Icelandic Bitcoin Miners Put on a Dry Diet

More Juice for New Bitcoin Miners in Iceland - Source: Pixabay
More Juice for New Bitcoin Miners in Iceland - Source: Pixabay

Power Shed — the existing Icelandic Bitcoin (BTC) miners are suffering. The new ones can end up without power, while the existing miners will have their ratio reduced.

Some time after the start of Bitcoin rush, on January 3, 2009, cryptocurrency enterprises began to relocate to Iceland where the cryptocurrencies can be mined using green energy. Large data centers contributed for approximately 1% of its GDP in 2016, with bitcoin mining operations accounting for 90% of that. The miners currently consume more power than all of Iceland’s homes combined, with Enigma’s electric expenses exceeding $1 million each month.

But, no matter how green the energy is, there is another problem – how to extract minerals without destroying the landscape. According to local experts quoted by The Wall Street Journal, meeting the demand for electricity requires the construction of additional dams and power plants, which might damage Iceland’s unique, delicate ecology.

In recent years, the bitcoin mining sector has risen significantly faster than it has elsewhere. According to the Icelandic Blockchain Foundation, 8% of all Bitcoins have been mined there. Mining entrepreneur Salter says he understands why Icelanders are opposing the damage that their unique nature can get for more electricity capacity.

Due to a lack of electricity in Iceland, the country’s national power provider Landsvirkjun has denided new Bitcoin miners. Landsvirkjun has not responded to new client requests to purchase electricity to mine cryptocurrencies.

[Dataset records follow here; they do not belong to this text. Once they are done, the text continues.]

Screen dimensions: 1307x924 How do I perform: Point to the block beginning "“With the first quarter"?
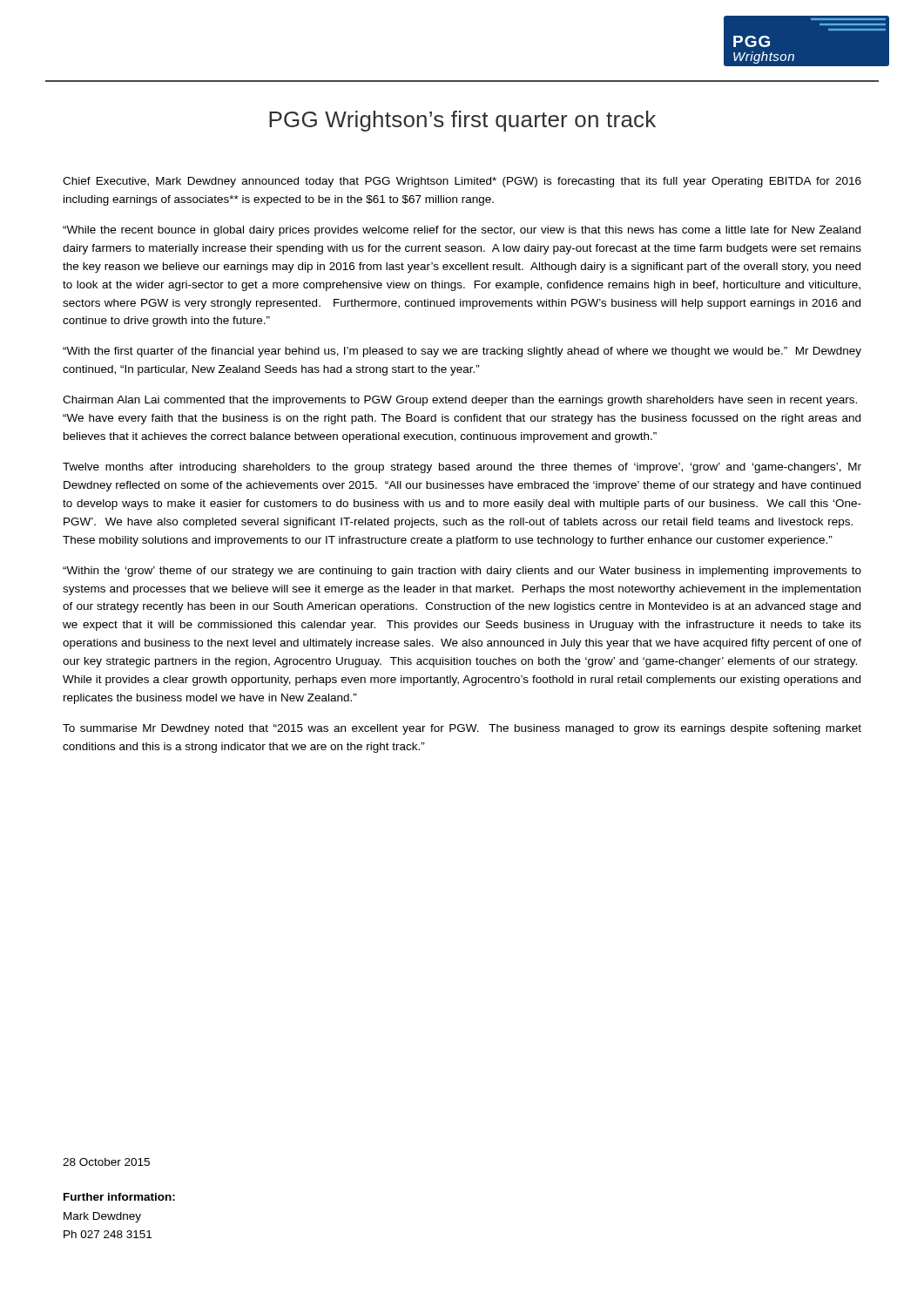[462, 360]
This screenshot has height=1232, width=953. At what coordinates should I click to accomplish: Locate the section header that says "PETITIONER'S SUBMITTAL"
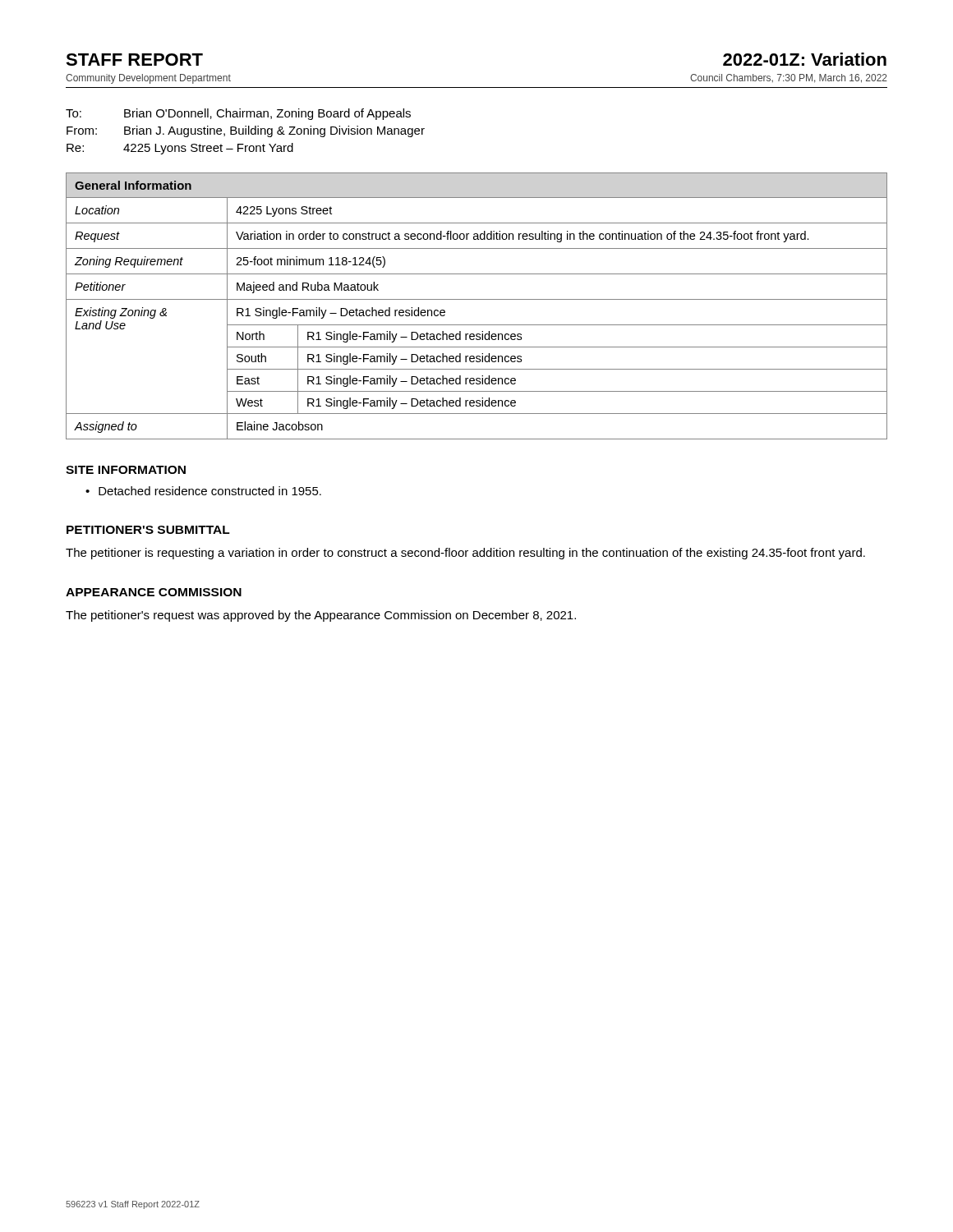148,529
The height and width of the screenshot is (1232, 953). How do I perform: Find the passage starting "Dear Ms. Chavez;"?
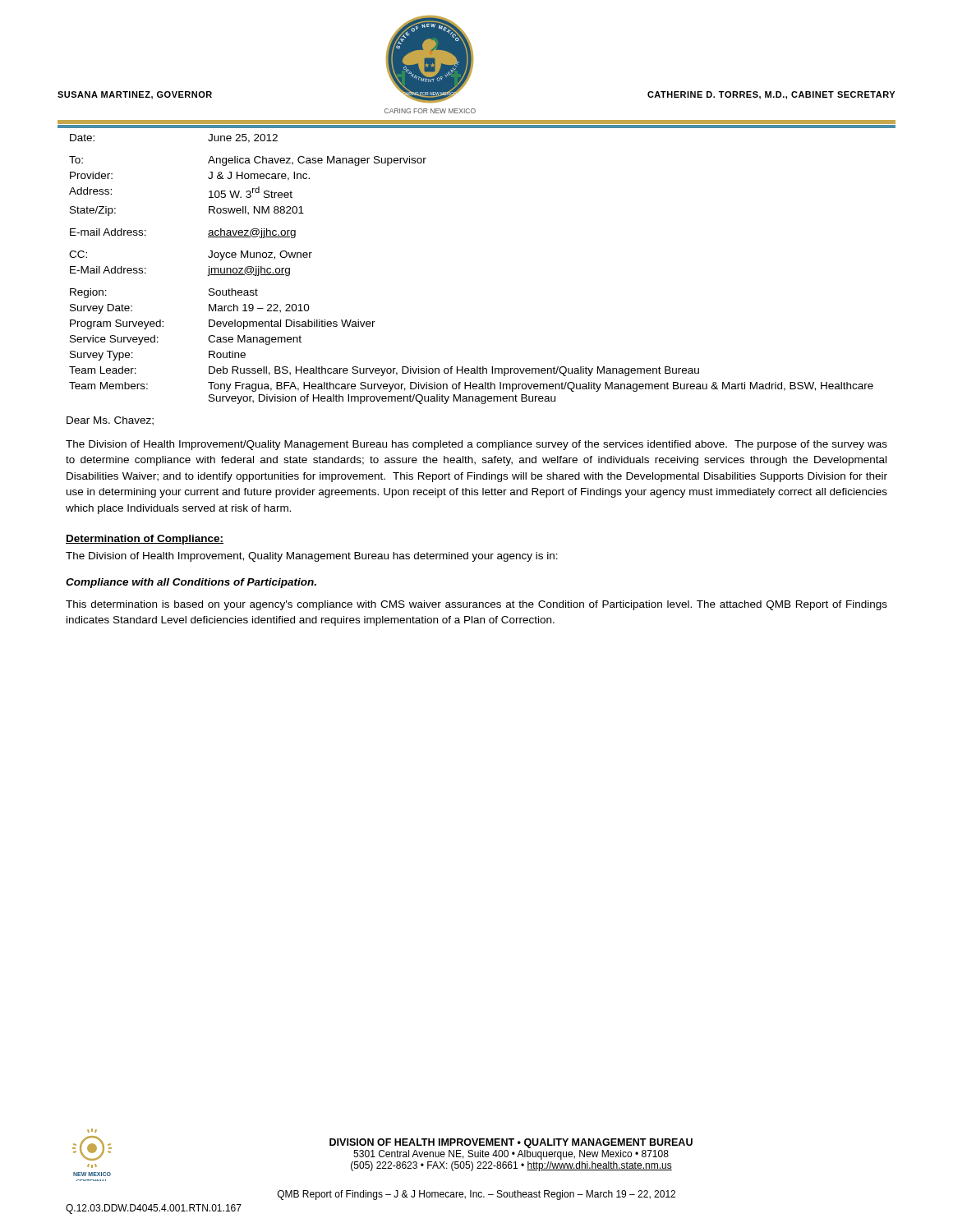pos(110,420)
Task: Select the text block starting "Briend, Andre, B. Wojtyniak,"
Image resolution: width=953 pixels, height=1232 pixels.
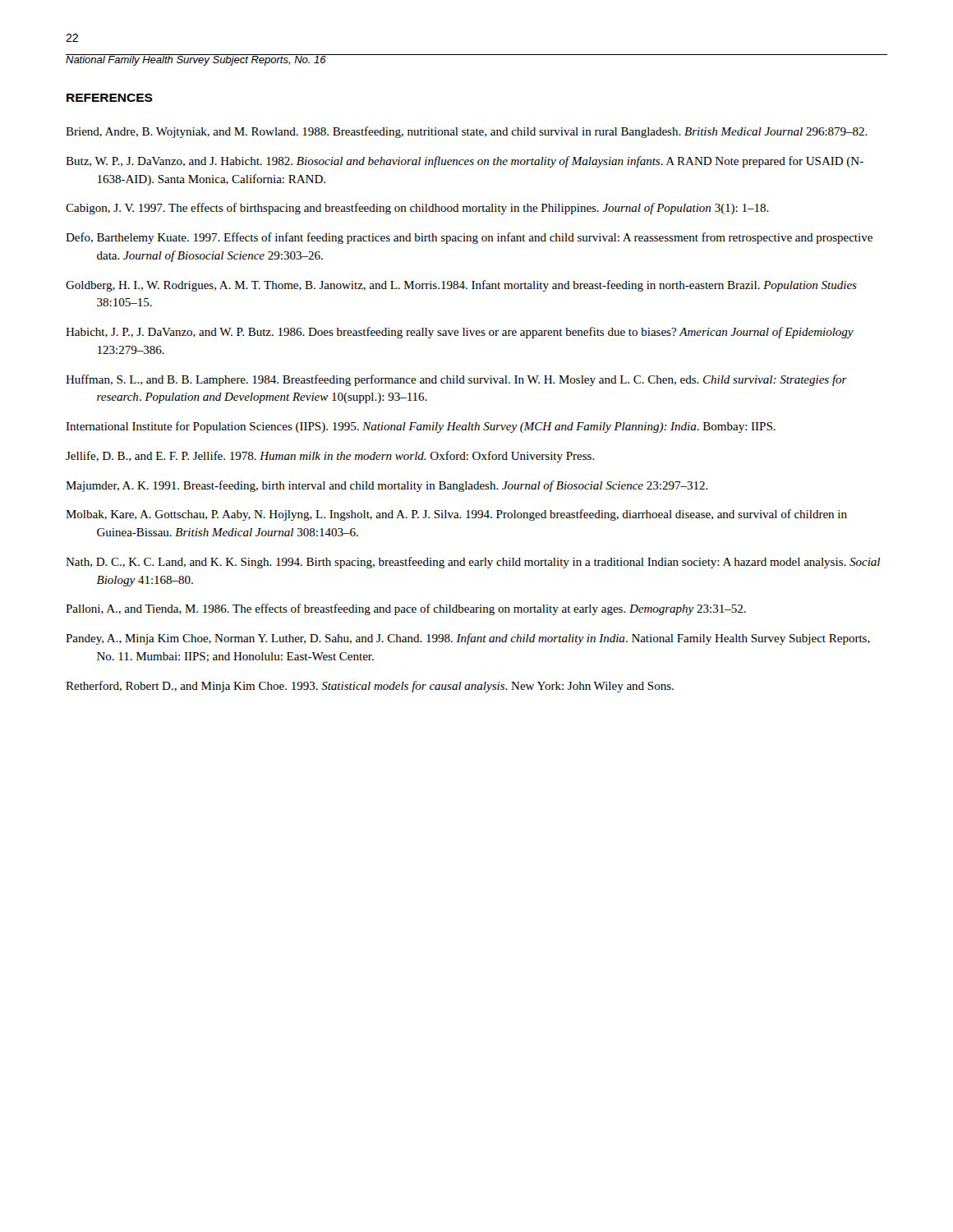Action: [467, 131]

Iceland, hot springs. Source: Unsplash

More Juice for New Bitcoin Miners in Iceland

Due to a variety of issues, Landsvirkjun, Iceland’s national power utility, has been obliged to decrease the amount of energy given to bitcoin miners in the southwest and certain businesses. “There could be very little excess energy in 2021 and 2022,” said Hordur Arnarson, CEO at Landsvirkjun. “Because of the climate issues we see a lot of very interesting segments that are growing rapidly, and several of them need electricity.” The hydropower reservoirs are likewise rather low in level. As a result, Landsvirkjun refused any new demand for power from mining businesses from December 7, 2021 on.

Iceland’s inexpensive and plentiful green power attracts bitcoin mining enterprises from around the globe. The country is undoubtedly rich in geothermal energy, and renewable energy accounts for slightly over 99% of Icelandic electrical production.

Hive Blockchain Technologies, Genesis Mining, and Bitfury Holding have built bitcoin mining operations in Iceland. During its initial coin offering (ICO), the Austrian business HydroMiner GmbH raised around $2.8 million to deploy mining equipment in Icelandic power stations.

Green Blockchains: Proof of Stake and Flattering Reporting

As the mining sector comes under growing criticism from environmentalists, Iceland is slamming the door to some miners. Some crypto projects, such as Ethereum (ETH), which is progressively implementing version 2.0, are forsaking proof of mining in favor of proof of stake in order to lower their blockchain’s energy usage and carbon imprint.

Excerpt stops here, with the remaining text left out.